▶ _The task_
The answer must consist solely of the lines from the opening line of the entries through the line with "Keep it short and to the point. 3.", transcribed exactly and without any pictures.

[Input — start]

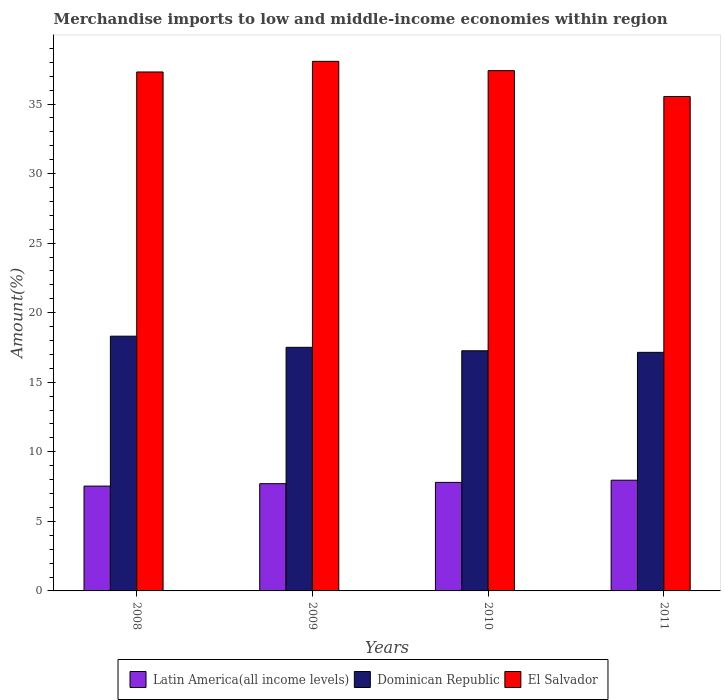Are the number of bars per tick equal to the number of legend labels?
Your answer should be very brief. Yes. Are the number of bars on each tick of the X-axis equal?
Give a very brief answer. Yes. How many bars are there on the 3rd tick from the right?
Keep it short and to the point. 3. What is the label of the 1st group of bars from the left?
Provide a succinct answer. 2008. What is the percentage of amount earned from merchandise imports in Latin America(all income levels) in 2008?
Your response must be concise. 7.53. Across all years, what is the maximum percentage of amount earned from merchandise imports in Latin America(all income levels)?
Make the answer very short. 7.96. Across all years, what is the minimum percentage of amount earned from merchandise imports in El Salvador?
Offer a very short reply. 35.54. In which year was the percentage of amount earned from merchandise imports in Dominican Republic minimum?
Provide a succinct answer. 2011. What is the total percentage of amount earned from merchandise imports in El Salvador in the graph?
Keep it short and to the point. 148.31. What is the difference between the percentage of amount earned from merchandise imports in Dominican Republic in 2008 and that in 2010?
Keep it short and to the point. 1.05. What is the difference between the percentage of amount earned from merchandise imports in El Salvador in 2008 and the percentage of amount earned from merchandise imports in Latin America(all income levels) in 2010?
Offer a terse response. 29.5. What is the average percentage of amount earned from merchandise imports in Dominican Republic per year?
Your answer should be compact. 17.56. In the year 2010, what is the difference between the percentage of amount earned from merchandise imports in Latin America(all income levels) and percentage of amount earned from merchandise imports in Dominican Republic?
Offer a very short reply. -9.46. What is the ratio of the percentage of amount earned from merchandise imports in Latin America(all income levels) in 2009 to that in 2011?
Provide a succinct answer. 0.97. Is the percentage of amount earned from merchandise imports in Dominican Republic in 2008 less than that in 2011?
Keep it short and to the point. No. Is the difference between the percentage of amount earned from merchandise imports in Latin America(all income levels) in 2008 and 2011 greater than the difference between the percentage of amount earned from merchandise imports in Dominican Republic in 2008 and 2011?
Offer a very short reply. No. What is the difference between the highest and the second highest percentage of amount earned from merchandise imports in Dominican Republic?
Your response must be concise. 0.8. What is the difference between the highest and the lowest percentage of amount earned from merchandise imports in Dominican Republic?
Your response must be concise. 1.16. What does the 2nd bar from the left in 2008 represents?
Provide a succinct answer. Dominican Republic. What does the 3rd bar from the right in 2008 represents?
Offer a very short reply. Latin America(all income levels). Is it the case that in every year, the sum of the percentage of amount earned from merchandise imports in El Salvador and percentage of amount earned from merchandise imports in Dominican Republic is greater than the percentage of amount earned from merchandise imports in Latin America(all income levels)?
Ensure brevity in your answer.  Yes. How many years are there in the graph?
Offer a very short reply. 4. Are the values on the major ticks of Y-axis written in scientific E-notation?
Your answer should be compact. No. How many legend labels are there?
Give a very brief answer. 3. What is the title of the graph?
Your answer should be compact. Merchandise imports to low and middle-income economies within region. What is the label or title of the X-axis?
Make the answer very short. Years. What is the label or title of the Y-axis?
Your answer should be compact. Amount(%). What is the Amount(%) in Latin America(all income levels) in 2008?
Ensure brevity in your answer.  7.53. What is the Amount(%) in Dominican Republic in 2008?
Keep it short and to the point. 18.31. What is the Amount(%) in El Salvador in 2008?
Give a very brief answer. 37.3. What is the Amount(%) in Latin America(all income levels) in 2009?
Ensure brevity in your answer.  7.71. What is the Amount(%) in Dominican Republic in 2009?
Your answer should be very brief. 17.51. What is the Amount(%) of El Salvador in 2009?
Provide a succinct answer. 38.07. What is the Amount(%) of Latin America(all income levels) in 2010?
Your answer should be very brief. 7.8. What is the Amount(%) in Dominican Republic in 2010?
Offer a terse response. 17.26. What is the Amount(%) of El Salvador in 2010?
Your response must be concise. 37.4. What is the Amount(%) of Latin America(all income levels) in 2011?
Your response must be concise. 7.96. What is the Amount(%) of Dominican Republic in 2011?
Offer a terse response. 17.15. What is the Amount(%) of El Salvador in 2011?
Your response must be concise. 35.54. Across all years, what is the maximum Amount(%) in Latin America(all income levels)?
Give a very brief answer. 7.96. Across all years, what is the maximum Amount(%) in Dominican Republic?
Provide a short and direct response. 18.31. Across all years, what is the maximum Amount(%) of El Salvador?
Provide a short and direct response. 38.07. Across all years, what is the minimum Amount(%) of Latin America(all income levels)?
Your answer should be compact. 7.53. Across all years, what is the minimum Amount(%) of Dominican Republic?
Make the answer very short. 17.15. Across all years, what is the minimum Amount(%) in El Salvador?
Offer a terse response. 35.54. What is the total Amount(%) of Latin America(all income levels) in the graph?
Keep it short and to the point. 31.01. What is the total Amount(%) of Dominican Republic in the graph?
Give a very brief answer. 70.24. What is the total Amount(%) in El Salvador in the graph?
Provide a short and direct response. 148.31. What is the difference between the Amount(%) in Latin America(all income levels) in 2008 and that in 2009?
Your answer should be compact. -0.17. What is the difference between the Amount(%) of Dominican Republic in 2008 and that in 2009?
Your response must be concise. 0.8. What is the difference between the Amount(%) in El Salvador in 2008 and that in 2009?
Your answer should be very brief. -0.76. What is the difference between the Amount(%) of Latin America(all income levels) in 2008 and that in 2010?
Make the answer very short. -0.27. What is the difference between the Amount(%) of Dominican Republic in 2008 and that in 2010?
Keep it short and to the point. 1.05. What is the difference between the Amount(%) of El Salvador in 2008 and that in 2010?
Offer a very short reply. -0.09. What is the difference between the Amount(%) of Latin America(all income levels) in 2008 and that in 2011?
Keep it short and to the point. -0.42. What is the difference between the Amount(%) of Dominican Republic in 2008 and that in 2011?
Your answer should be very brief. 1.16. What is the difference between the Amount(%) of El Salvador in 2008 and that in 2011?
Your response must be concise. 1.76. What is the difference between the Amount(%) of Latin America(all income levels) in 2009 and that in 2010?
Your answer should be very brief. -0.09. What is the difference between the Amount(%) of Dominican Republic in 2009 and that in 2010?
Your response must be concise. 0.25. What is the difference between the Amount(%) of El Salvador in 2009 and that in 2010?
Your response must be concise. 0.67. What is the difference between the Amount(%) of Latin America(all income levels) in 2009 and that in 2011?
Give a very brief answer. -0.25. What is the difference between the Amount(%) in Dominican Republic in 2009 and that in 2011?
Provide a short and direct response. 0.36. What is the difference between the Amount(%) of El Salvador in 2009 and that in 2011?
Provide a short and direct response. 2.53. What is the difference between the Amount(%) of Latin America(all income levels) in 2010 and that in 2011?
Your response must be concise. -0.16. What is the difference between the Amount(%) in Dominican Republic in 2010 and that in 2011?
Your answer should be compact. 0.11. What is the difference between the Amount(%) of El Salvador in 2010 and that in 2011?
Your response must be concise. 1.86. What is the difference between the Amount(%) in Latin America(all income levels) in 2008 and the Amount(%) in Dominican Republic in 2009?
Your answer should be compact. -9.98. What is the difference between the Amount(%) of Latin America(all income levels) in 2008 and the Amount(%) of El Salvador in 2009?
Keep it short and to the point. -30.53. What is the difference between the Amount(%) of Dominican Republic in 2008 and the Amount(%) of El Salvador in 2009?
Give a very brief answer. -19.76. What is the difference between the Amount(%) of Latin America(all income levels) in 2008 and the Amount(%) of Dominican Republic in 2010?
Offer a very short reply. -9.73. What is the difference between the Amount(%) of Latin America(all income levels) in 2008 and the Amount(%) of El Salvador in 2010?
Keep it short and to the point. -29.86. What is the difference between the Amount(%) in Dominican Republic in 2008 and the Amount(%) in El Salvador in 2010?
Provide a short and direct response. -19.09. What is the difference between the Amount(%) of Latin America(all income levels) in 2008 and the Amount(%) of Dominican Republic in 2011?
Make the answer very short. -9.61. What is the difference between the Amount(%) in Latin America(all income levels) in 2008 and the Amount(%) in El Salvador in 2011?
Offer a very short reply. -28.01. What is the difference between the Amount(%) of Dominican Republic in 2008 and the Amount(%) of El Salvador in 2011?
Give a very brief answer. -17.23. What is the difference between the Amount(%) in Latin America(all income levels) in 2009 and the Amount(%) in Dominican Republic in 2010?
Keep it short and to the point. -9.55. What is the difference between the Amount(%) of Latin America(all income levels) in 2009 and the Amount(%) of El Salvador in 2010?
Provide a short and direct response. -29.69. What is the difference between the Amount(%) in Dominican Republic in 2009 and the Amount(%) in El Salvador in 2010?
Provide a short and direct response. -19.89. What is the difference between the Amount(%) in Latin America(all income levels) in 2009 and the Amount(%) in Dominican Republic in 2011?
Offer a terse response. -9.44. What is the difference between the Amount(%) of Latin America(all income levels) in 2009 and the Amount(%) of El Salvador in 2011?
Provide a short and direct response. -27.83. What is the difference between the Amount(%) of Dominican Republic in 2009 and the Amount(%) of El Salvador in 2011?
Your answer should be very brief. -18.03. What is the difference between the Amount(%) of Latin America(all income levels) in 2010 and the Amount(%) of Dominican Republic in 2011?
Provide a short and direct response. -9.35. What is the difference between the Amount(%) in Latin America(all income levels) in 2010 and the Amount(%) in El Salvador in 2011?
Your response must be concise. -27.74. What is the difference between the Amount(%) of Dominican Republic in 2010 and the Amount(%) of El Salvador in 2011?
Provide a succinct answer. -18.28. What is the average Amount(%) of Latin America(all income levels) per year?
Ensure brevity in your answer.  7.75. What is the average Amount(%) in Dominican Republic per year?
Provide a succinct answer. 17.56. What is the average Amount(%) in El Salvador per year?
Offer a very short reply. 37.08. In the year 2008, what is the difference between the Amount(%) of Latin America(all income levels) and Amount(%) of Dominican Republic?
Your response must be concise. -10.78. In the year 2008, what is the difference between the Amount(%) in Latin America(all income levels) and Amount(%) in El Salvador?
Offer a very short reply. -29.77. In the year 2008, what is the difference between the Amount(%) in Dominican Republic and Amount(%) in El Salvador?
Provide a succinct answer. -18.99. In the year 2009, what is the difference between the Amount(%) of Latin America(all income levels) and Amount(%) of Dominican Republic?
Offer a terse response. -9.8. In the year 2009, what is the difference between the Amount(%) in Latin America(all income levels) and Amount(%) in El Salvador?
Your answer should be very brief. -30.36. In the year 2009, what is the difference between the Amount(%) of Dominican Republic and Amount(%) of El Salvador?
Provide a short and direct response. -20.56. In the year 2010, what is the difference between the Amount(%) in Latin America(all income levels) and Amount(%) in Dominican Republic?
Give a very brief answer. -9.46. In the year 2010, what is the difference between the Amount(%) of Latin America(all income levels) and Amount(%) of El Salvador?
Offer a terse response. -29.6. In the year 2010, what is the difference between the Amount(%) of Dominican Republic and Amount(%) of El Salvador?
Give a very brief answer. -20.14. In the year 2011, what is the difference between the Amount(%) in Latin America(all income levels) and Amount(%) in Dominican Republic?
Make the answer very short. -9.19. In the year 2011, what is the difference between the Amount(%) in Latin America(all income levels) and Amount(%) in El Salvador?
Ensure brevity in your answer.  -27.58. In the year 2011, what is the difference between the Amount(%) in Dominican Republic and Amount(%) in El Salvador?
Make the answer very short. -18.39. What is the ratio of the Amount(%) in Latin America(all income levels) in 2008 to that in 2009?
Offer a terse response. 0.98. What is the ratio of the Amount(%) of Dominican Republic in 2008 to that in 2009?
Provide a succinct answer. 1.05. What is the ratio of the Amount(%) of El Salvador in 2008 to that in 2009?
Your response must be concise. 0.98. What is the ratio of the Amount(%) in Latin America(all income levels) in 2008 to that in 2010?
Provide a succinct answer. 0.97. What is the ratio of the Amount(%) in Dominican Republic in 2008 to that in 2010?
Provide a succinct answer. 1.06. What is the ratio of the Amount(%) of El Salvador in 2008 to that in 2010?
Your answer should be very brief. 1. What is the ratio of the Amount(%) in Latin America(all income levels) in 2008 to that in 2011?
Ensure brevity in your answer.  0.95. What is the ratio of the Amount(%) in Dominican Republic in 2008 to that in 2011?
Offer a terse response. 1.07. What is the ratio of the Amount(%) of El Salvador in 2008 to that in 2011?
Ensure brevity in your answer.  1.05. What is the ratio of the Amount(%) of Latin America(all income levels) in 2009 to that in 2010?
Your answer should be very brief. 0.99. What is the ratio of the Amount(%) of Dominican Republic in 2009 to that in 2010?
Your response must be concise. 1.01. What is the ratio of the Amount(%) in El Salvador in 2009 to that in 2010?
Provide a succinct answer. 1.02. What is the ratio of the Amount(%) of Latin America(all income levels) in 2009 to that in 2011?
Give a very brief answer. 0.97. What is the ratio of the Amount(%) in Dominican Republic in 2009 to that in 2011?
Make the answer very short. 1.02. What is the ratio of the Amount(%) in El Salvador in 2009 to that in 2011?
Give a very brief answer. 1.07. What is the ratio of the Amount(%) in Latin America(all income levels) in 2010 to that in 2011?
Make the answer very short. 0.98. What is the ratio of the Amount(%) in Dominican Republic in 2010 to that in 2011?
Your response must be concise. 1.01. What is the ratio of the Amount(%) in El Salvador in 2010 to that in 2011?
Provide a succinct answer. 1.05. What is the difference between the highest and the second highest Amount(%) of Latin America(all income levels)?
Your response must be concise. 0.16. What is the difference between the highest and the second highest Amount(%) in Dominican Republic?
Offer a very short reply. 0.8. What is the difference between the highest and the second highest Amount(%) of El Salvador?
Your answer should be very brief. 0.67. What is the difference between the highest and the lowest Amount(%) in Latin America(all income levels)?
Keep it short and to the point. 0.42. What is the difference between the highest and the lowest Amount(%) in Dominican Republic?
Give a very brief answer. 1.16. What is the difference between the highest and the lowest Amount(%) in El Salvador?
Provide a succinct answer. 2.53.

[Input — finish]

▶ _Your response_
Are the number of bars per tick equal to the number of legend labels?
Your answer should be very brief. Yes. Are the number of bars on each tick of the X-axis equal?
Give a very brief answer. Yes. How many bars are there on the 3rd tick from the right?
Keep it short and to the point. 3. What is the label of the 1st group of bars from the left?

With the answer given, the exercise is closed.